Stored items
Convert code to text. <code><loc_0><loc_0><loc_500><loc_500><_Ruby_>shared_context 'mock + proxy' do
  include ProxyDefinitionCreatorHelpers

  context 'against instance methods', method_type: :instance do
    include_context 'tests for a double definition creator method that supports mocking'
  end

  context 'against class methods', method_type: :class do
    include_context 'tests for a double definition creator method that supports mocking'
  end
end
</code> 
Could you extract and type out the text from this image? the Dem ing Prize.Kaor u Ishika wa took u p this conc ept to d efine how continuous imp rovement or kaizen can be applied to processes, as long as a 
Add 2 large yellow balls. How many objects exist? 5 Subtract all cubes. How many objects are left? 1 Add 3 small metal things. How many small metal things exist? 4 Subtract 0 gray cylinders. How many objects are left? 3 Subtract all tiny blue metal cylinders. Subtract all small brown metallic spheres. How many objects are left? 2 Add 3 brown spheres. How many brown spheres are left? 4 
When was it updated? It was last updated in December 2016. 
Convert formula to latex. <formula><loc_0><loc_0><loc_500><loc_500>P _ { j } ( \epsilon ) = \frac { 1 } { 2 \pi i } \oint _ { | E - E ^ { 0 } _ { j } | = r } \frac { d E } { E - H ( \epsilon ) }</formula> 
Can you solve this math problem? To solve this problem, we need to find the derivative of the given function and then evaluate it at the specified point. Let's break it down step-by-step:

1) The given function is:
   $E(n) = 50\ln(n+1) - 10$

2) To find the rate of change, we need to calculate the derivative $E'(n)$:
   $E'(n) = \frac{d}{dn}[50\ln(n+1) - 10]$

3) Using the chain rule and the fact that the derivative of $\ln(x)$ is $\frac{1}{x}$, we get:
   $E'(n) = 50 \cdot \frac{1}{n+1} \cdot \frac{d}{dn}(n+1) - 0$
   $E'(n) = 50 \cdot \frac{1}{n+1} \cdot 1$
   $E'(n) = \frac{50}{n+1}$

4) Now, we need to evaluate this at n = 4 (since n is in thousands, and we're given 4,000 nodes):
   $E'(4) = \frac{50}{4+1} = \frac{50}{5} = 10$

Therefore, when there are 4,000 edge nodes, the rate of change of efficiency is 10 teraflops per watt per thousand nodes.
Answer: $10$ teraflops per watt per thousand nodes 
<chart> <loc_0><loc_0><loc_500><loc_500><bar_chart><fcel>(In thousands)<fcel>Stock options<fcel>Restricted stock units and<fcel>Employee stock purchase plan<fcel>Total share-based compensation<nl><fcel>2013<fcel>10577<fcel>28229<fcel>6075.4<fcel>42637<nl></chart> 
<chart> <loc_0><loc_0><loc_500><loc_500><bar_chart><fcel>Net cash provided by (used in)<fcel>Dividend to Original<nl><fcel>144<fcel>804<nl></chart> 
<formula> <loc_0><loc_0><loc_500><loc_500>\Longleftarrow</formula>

▶ Exercise prompt:
Set down all of the entries exactly, please.

▶ The answer:
Convert code to text. <code><loc_0><loc_0><loc_500><loc_500><_Ruby_>shared_context 'mock + proxy' do
  include ProxyDefinitionCreatorHelpers

  context 'against instance methods', method_type: :instance do
    include_context 'tests for a double definition creator method that supports mocking'
  end

  context 'against class methods', method_type: :class do
    include_context 'tests for a double definition creator method that supports mocking'
  end
end
</code> 
Could you extract and type out the text from this image? the Dem ing Prize.Kaor u Ishika wa took u p this conc ept to d efine how continuous imp rovement or kaizen can be applied to processes, as long as a 
Add 2 large yellow balls. How many objects exist? 5 Subtract all cubes. How many objects are left? 1 Add 3 small metal things. How many small metal things exist? 4 Subtract 0 gray cylinders. How many objects are left? 3 Subtract all tiny blue metal cylinders. Subtract all small brown metallic spheres. How many objects are left? 2 Add 3 brown spheres. How many brown spheres are left? 4 
When was it updated? It was last updated in December 2016. 
Convert formula to latex. <formula><loc_0><loc_0><loc_500><loc_500>P _ { j } ( \epsilon ) = \frac { 1 } { 2 \pi i } \oint _ { | E - E ^ { 0 } _ { j } | = r } \frac { d E } { E - H ( \epsilon ) }</formula> 
Can you solve this math problem? To solve this problem, we need to find the derivative of the given function and then evaluate it at the specified point. Let's break it down step-by-step:

1) The given function is:
   $E(n) = 50\ln(n+1) - 10$

2) To find the rate of change, we need to calculate the derivative $E'(n)$:
   $E'(n) = \frac{d}{dn}[50\ln(n+1) - 10]$

3) Using the chain rule and the fact that the derivative of $\ln(x)$ is $\frac{1}{x}$, we get:
   $E'(n) = 50 \cdot \frac{1}{n+1} \cdot \frac{d}{dn}(n+1) - 0$
   $E'(n) = 50 \cdot \frac{1}{n+1} \cdot 1$
   $E'(n) = \frac{50}{n+1}$

4) Now, we need to evaluate this at n = 4 (since n is in thousands, and we're given 4,000 nodes):
   $E'(4) = \frac{50}{4+1} = \frac{50}{5} = 10$

Therefore, when there are 4,000 edge nodes, the rate of change of efficiency is 10 teraflops per watt per thousand nodes.
Answer: $10$ teraflops per watt per thousand nodes 
<chart> <loc_0><loc_0><loc_500><loc_500><bar_chart><fcel>(In thousands)<fcel>Stock options<fcel>Restricted stock units and<fcel>Employee stock purchase plan<fcel>Total share-based compensation<nl><fcel>2013<fcel>10577<fcel>28229<fcel>6075.4<fcel>42637<nl></chart> 
<chart> <loc_0><loc_0><loc_500><loc_500><bar_chart><fcel>Net cash provided by (used in)<fcel>Dividend to Original<nl><fcel>144<fcel>804<nl></chart> 
<formula> <loc_0><loc_0><loc_500><loc_500>\Longleftarrow</formula>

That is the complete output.